Davis authored several cookbooks and other reference guides to the cuisine of New Orleans and to South Louisiana seafood. His culinary legacy included "bronzing", a toned-down version of blackening. He invented the "Strictly N'Awlins" series of seasonings. Davis's culinary papers were donated to the SoFab Culinary Library and Institute subsequent to his death.

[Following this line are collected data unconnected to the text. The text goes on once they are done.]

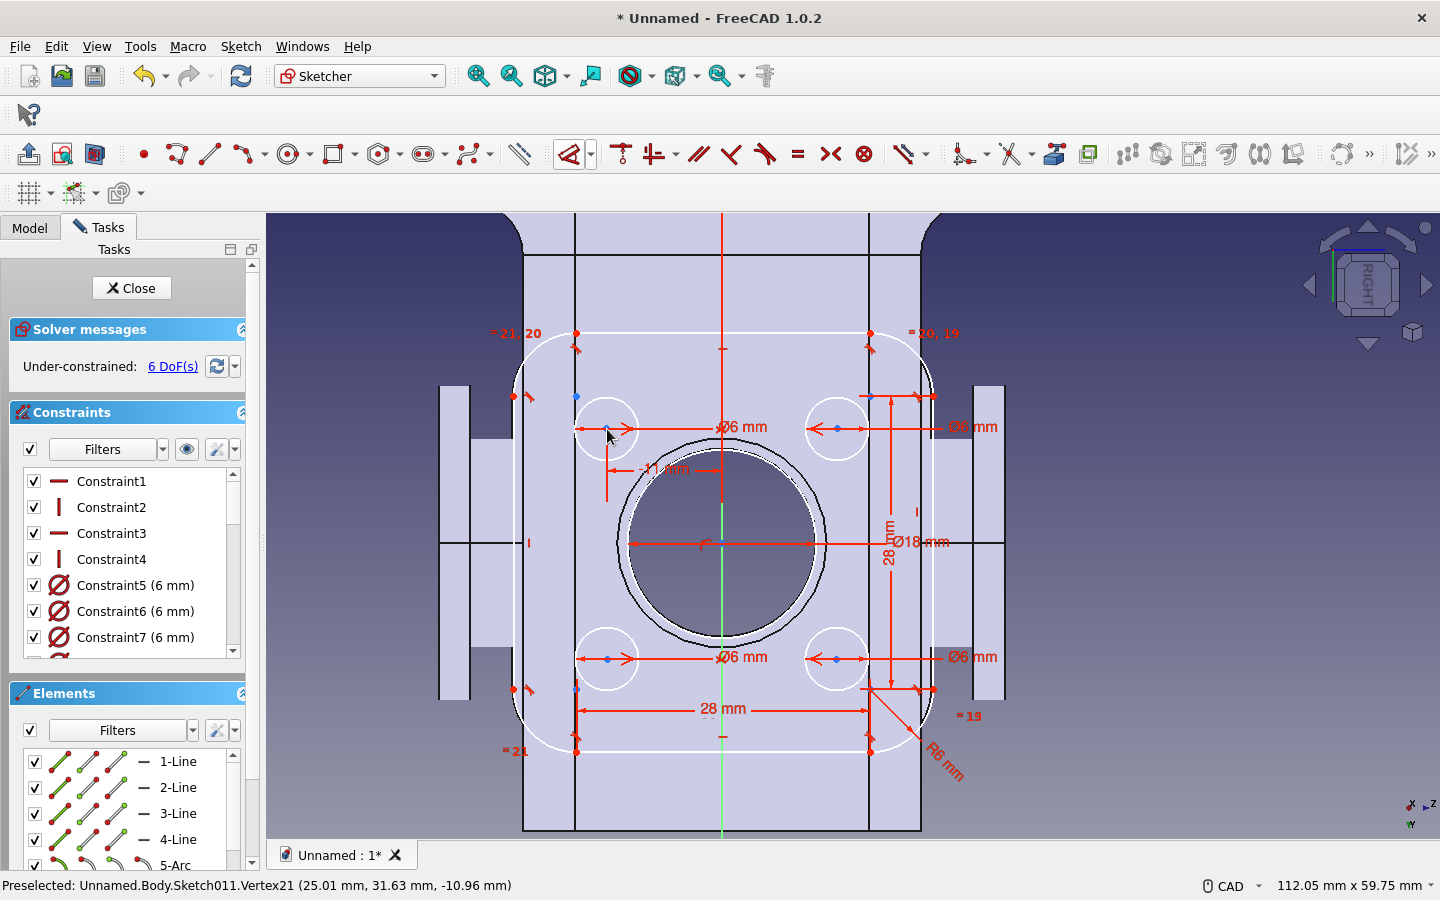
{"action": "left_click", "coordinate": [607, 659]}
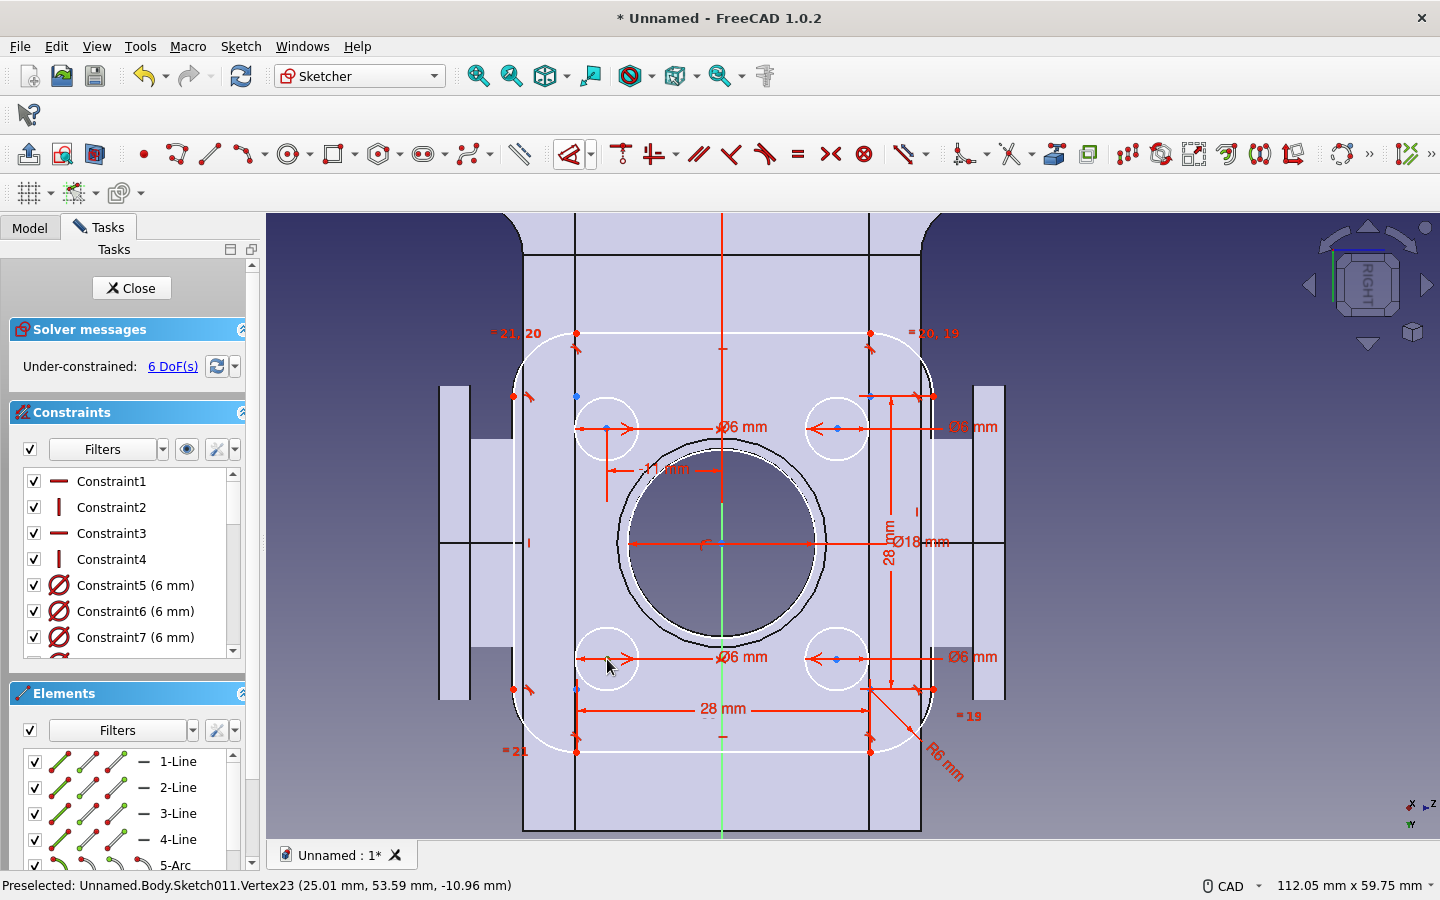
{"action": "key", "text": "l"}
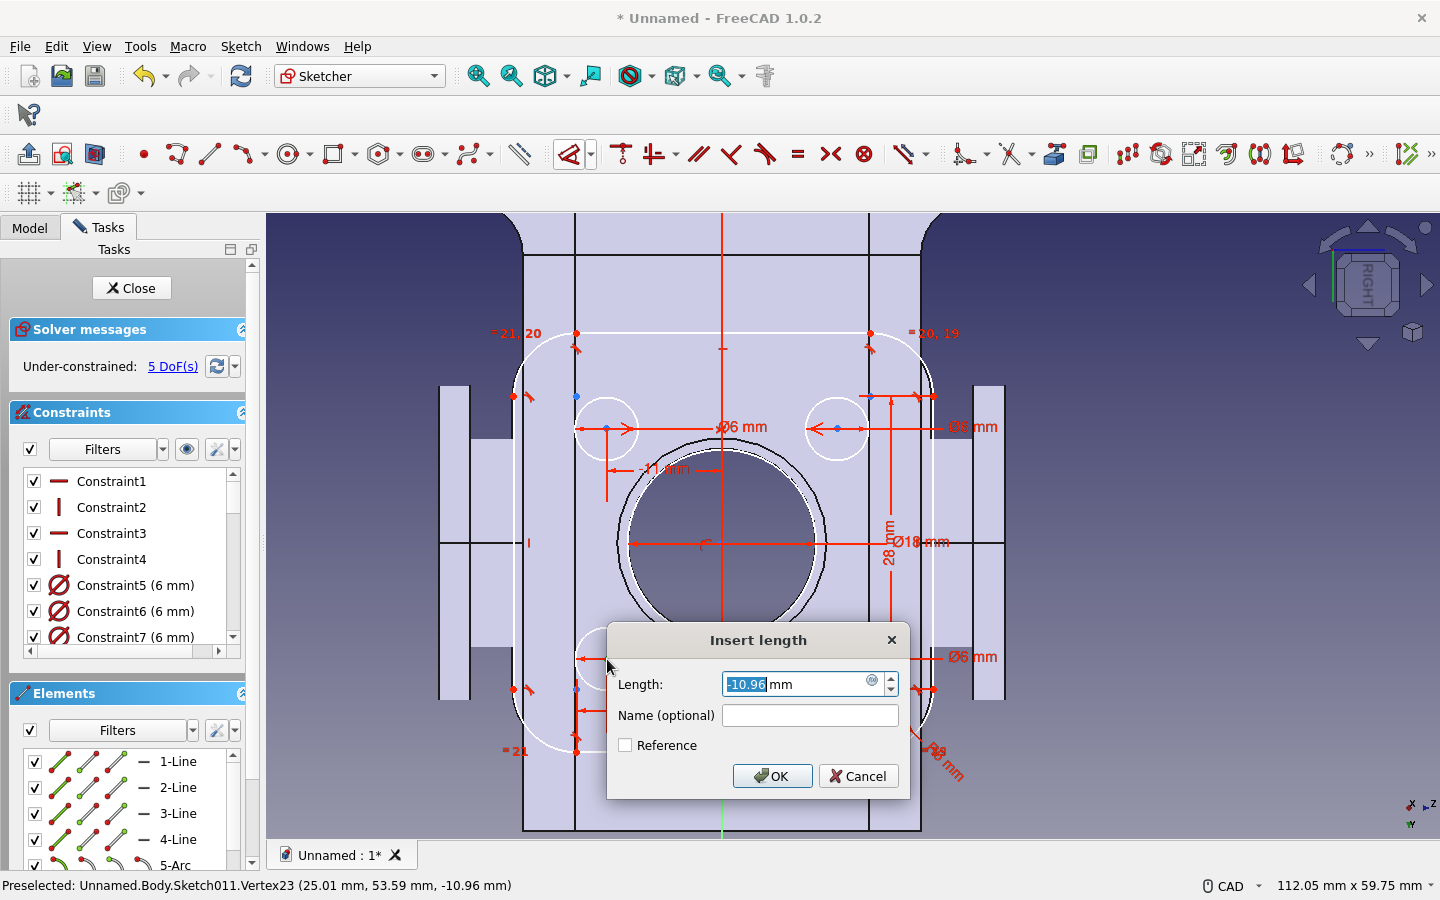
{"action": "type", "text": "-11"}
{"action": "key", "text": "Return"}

In 2014, the Louisiana State Legislature named the I-10 Twin Span Bridge that links Orleans Parish and St. Tammany Parish over the eastern end of Lake Pontchartrain the "Frank Davis 'Naturally N'Awlins' Memorial Bridge". This is an area where Davis often fished from boats in waters near the bridge.

==Selected books==
- Frank Davis Makes Good Groceries: A New Orleans Cookbook, Pelican Publishing, 1985, ISBN 1589805364.
- Frank Davis Cooks Naturally N'Awlins, Pelican Publishing, 1990, ISBN 0882897721.
- Frank Davis Cooks Cajun, Creole, and Crescent City, Pelican Publishing, 1994, ISBN 1565540557.
- Fisherman's Tackle Box Bible, Pelican Publishing, 2003, ISBN 9781589801288.
- The Frank Davis Seafood Notebook, Pelican Publishing, 2008, ISBN 0882893092.